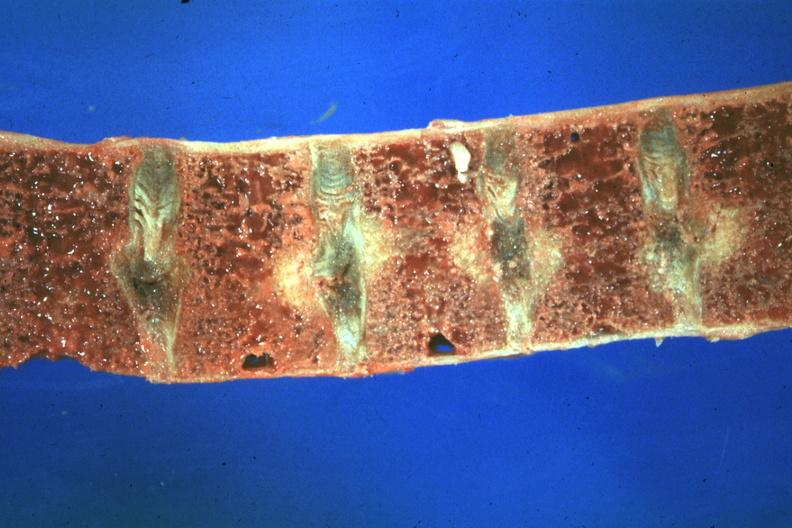how does this image show close-up view very good case of 48yowm?
Answer the question using a single word or phrase. With hypertension renal failure and secondary parathyroid hyperplasia 
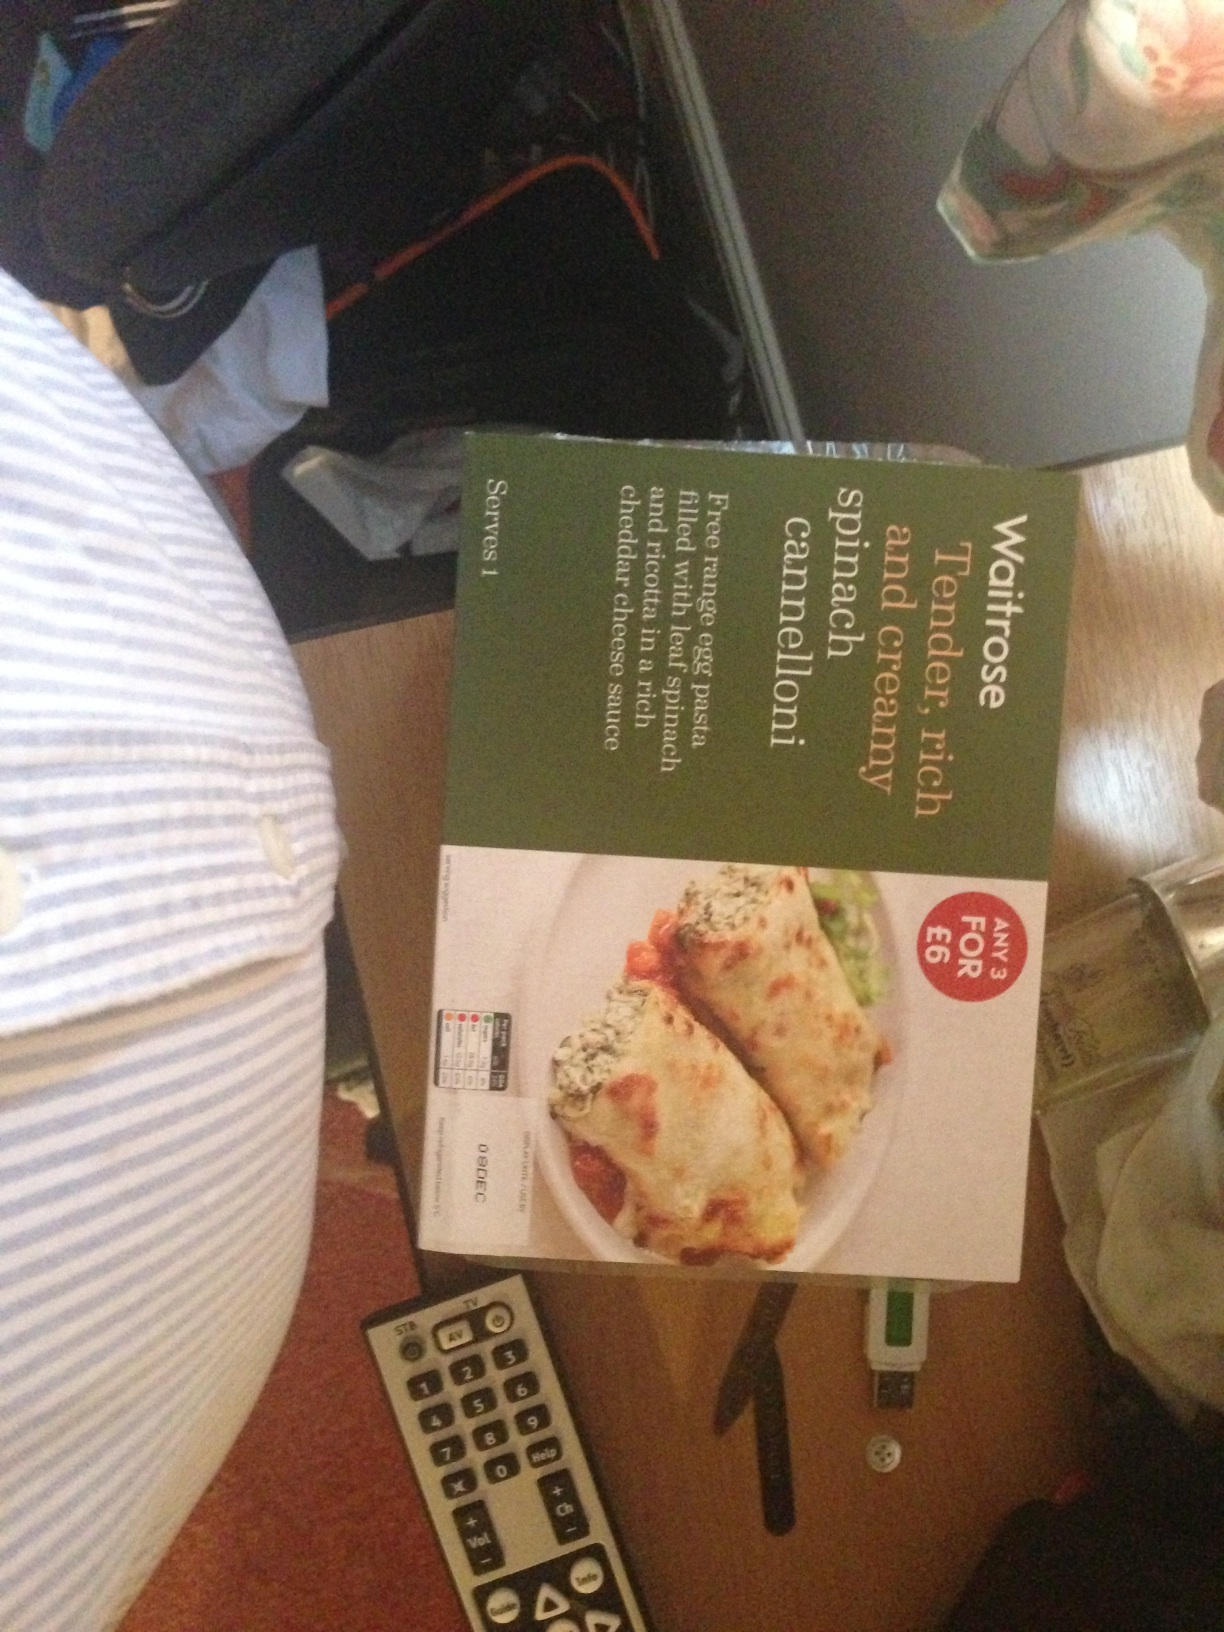Is this meal suitable for vegetarians? The 'Tender, rich spinach cannelloni' from Waitrose appears to be a vegetarian option, as it mainly consists of pasta, spinach, and cheese. However, for strict dietary requirements, it would be best to check the label for any hidden ingredients or potential cross-contamination warnings. 
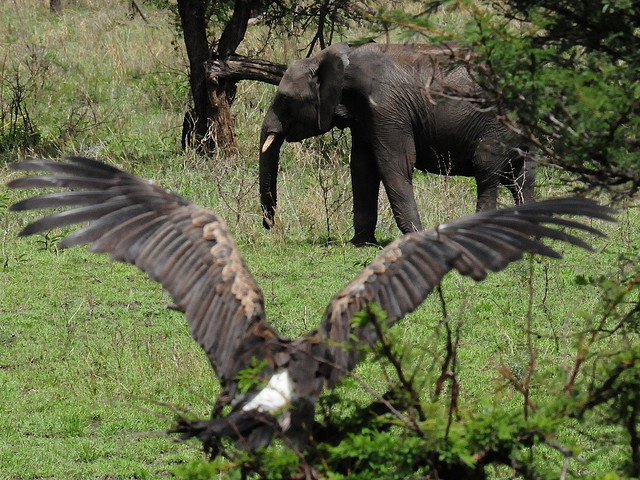Describe the objects in this image and their specific colors. I can see bird in tan, gray, black, darkgreen, and darkgray tones and elephant in tan, black, and gray tones in this image. 
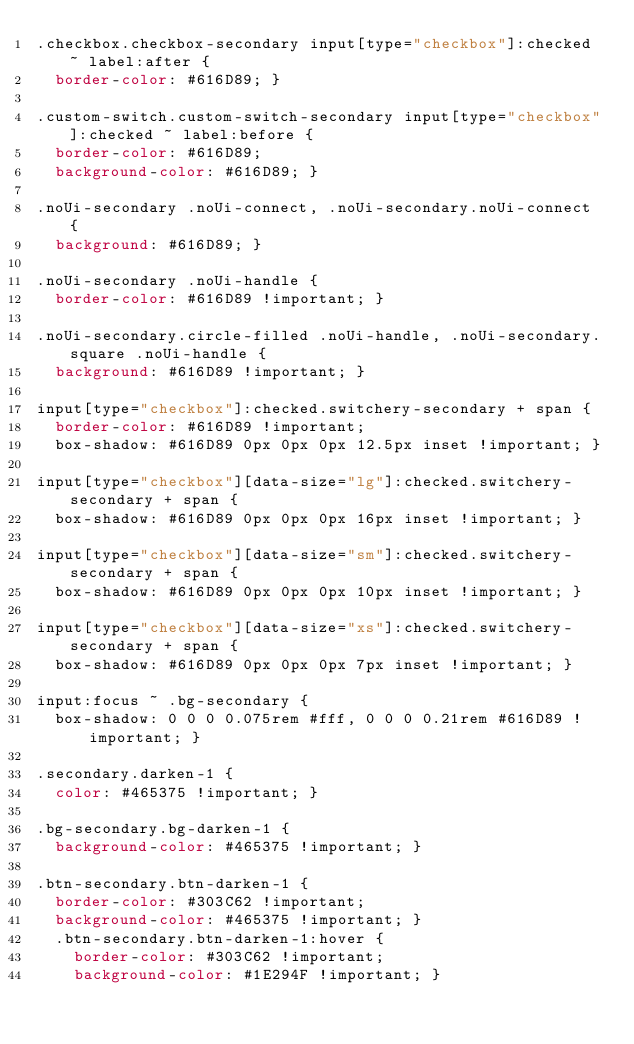Convert code to text. <code><loc_0><loc_0><loc_500><loc_500><_CSS_>.checkbox.checkbox-secondary input[type="checkbox"]:checked ~ label:after {
  border-color: #616D89; }

.custom-switch.custom-switch-secondary input[type="checkbox"]:checked ~ label:before {
  border-color: #616D89;
  background-color: #616D89; }

.noUi-secondary .noUi-connect, .noUi-secondary.noUi-connect {
  background: #616D89; }

.noUi-secondary .noUi-handle {
  border-color: #616D89 !important; }

.noUi-secondary.circle-filled .noUi-handle, .noUi-secondary.square .noUi-handle {
  background: #616D89 !important; }

input[type="checkbox"]:checked.switchery-secondary + span {
  border-color: #616D89 !important;
  box-shadow: #616D89 0px 0px 0px 12.5px inset !important; }

input[type="checkbox"][data-size="lg"]:checked.switchery-secondary + span {
  box-shadow: #616D89 0px 0px 0px 16px inset !important; }

input[type="checkbox"][data-size="sm"]:checked.switchery-secondary + span {
  box-shadow: #616D89 0px 0px 0px 10px inset !important; }

input[type="checkbox"][data-size="xs"]:checked.switchery-secondary + span {
  box-shadow: #616D89 0px 0px 0px 7px inset !important; }

input:focus ~ .bg-secondary {
  box-shadow: 0 0 0 0.075rem #fff, 0 0 0 0.21rem #616D89 !important; }

.secondary.darken-1 {
  color: #465375 !important; }

.bg-secondary.bg-darken-1 {
  background-color: #465375 !important; }

.btn-secondary.btn-darken-1 {
  border-color: #303C62 !important;
  background-color: #465375 !important; }
  .btn-secondary.btn-darken-1:hover {
    border-color: #303C62 !important;
    background-color: #1E294F !important; }</code> 
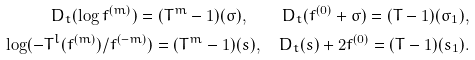Convert formula to latex. <formula><loc_0><loc_0><loc_500><loc_500>D _ { t } ( \log f ^ { ( m ) } ) = ( T ^ { m } - 1 ) ( \sigma ) , \quad D _ { t } ( f ^ { ( 0 ) } + \sigma ) = ( T - 1 ) ( \sigma _ { 1 } ) , \\ \log ( - T ^ { l } ( f ^ { ( m ) } ) / f ^ { ( - m ) } ) = ( T ^ { m } - 1 ) ( s ) , \quad D _ { t } ( s ) + 2 f ^ { ( 0 ) } = ( T - 1 ) ( s _ { 1 } ) .</formula>

■ ■ ■ ■

§ Exercise requirements: Repeat the listing exactly, pictures excluded.

§ Task response:
how does this image show close-up view very good case of 48yowm?
Answer the question using a single word or phrase. With hypertension renal failure and secondary parathyroid hyperplasia 
Is this meal suitable for vegetarians? The 'Tender, rich spinach cannelloni' from Waitrose appears to be a vegetarian option, as it mainly consists of pasta, spinach, and cheese. However, for strict dietary requirements, it would be best to check the label for any hidden ingredients or potential cross-contamination warnings. 
Describe the objects in this image and their specific colors. I can see bird in tan, gray, black, darkgreen, and darkgray tones and elephant in tan, black, and gray tones in this image. 
Convert code to text. <code><loc_0><loc_0><loc_500><loc_500><_CSS_>.checkbox.checkbox-secondary input[type="checkbox"]:checked ~ label:after {
  border-color: #616D89; }

.custom-switch.custom-switch-secondary input[type="checkbox"]:checked ~ label:before {
  border-color: #616D89;
  background-color: #616D89; }

.noUi-secondary .noUi-connect, .noUi-secondary.noUi-connect {
  background: #616D89; }

.noUi-secondary .noUi-handle {
  border-color: #616D89 !important; }

.noUi-secondary.circle-filled .noUi-handle, .noUi-secondary.square .noUi-handle {
  background: #616D89 !important; }

input[type="checkbox"]:checked.switchery-secondary + span {
  border-color: #616D89 !important;
  box-shadow: #616D89 0px 0px 0px 12.5px inset !important; }

input[type="checkbox"][data-size="lg"]:checked.switchery-secondary + span {
  box-shadow: #616D89 0px 0px 0px 16px inset !important; }

input[type="checkbox"][data-size="sm"]:checked.switchery-secondary + span {
  box-shadow: #616D89 0px 0px 0px 10px inset !important; }

input[type="checkbox"][data-size="xs"]:checked.switchery-secondary + span {
  box-shadow: #616D89 0px 0px 0px 7px inset !important; }

input:focus ~ .bg-secondary {
  box-shadow: 0 0 0 0.075rem #fff, 0 0 0 0.21rem #616D89 !important; }

.secondary.darken-1 {
  color: #465375 !important; }

.bg-secondary.bg-darken-1 {
  background-color: #465375 !important; }

.btn-secondary.btn-darken-1 {
  border-color: #303C62 !important;
  background-color: #465375 !important; }
  .btn-secondary.btn-darken-1:hover {
    border-color: #303C62 !important;
    background-color: #1E294F !important; }</code> 
Convert formula to latex. <formula><loc_0><loc_0><loc_500><loc_500>D _ { t } ( \log f ^ { ( m ) } ) = ( T ^ { m } - 1 ) ( \sigma ) , \quad D _ { t } ( f ^ { ( 0 ) } + \sigma ) = ( T - 1 ) ( \sigma _ { 1 } ) , \\ \log ( - T ^ { l } ( f ^ { ( m ) } ) / f ^ { ( - m ) } ) = ( T ^ { m } - 1 ) ( s ) , \quad D _ { t } ( s ) + 2 f ^ { ( 0 ) } = ( T - 1 ) ( s _ { 1 } ) .</formula>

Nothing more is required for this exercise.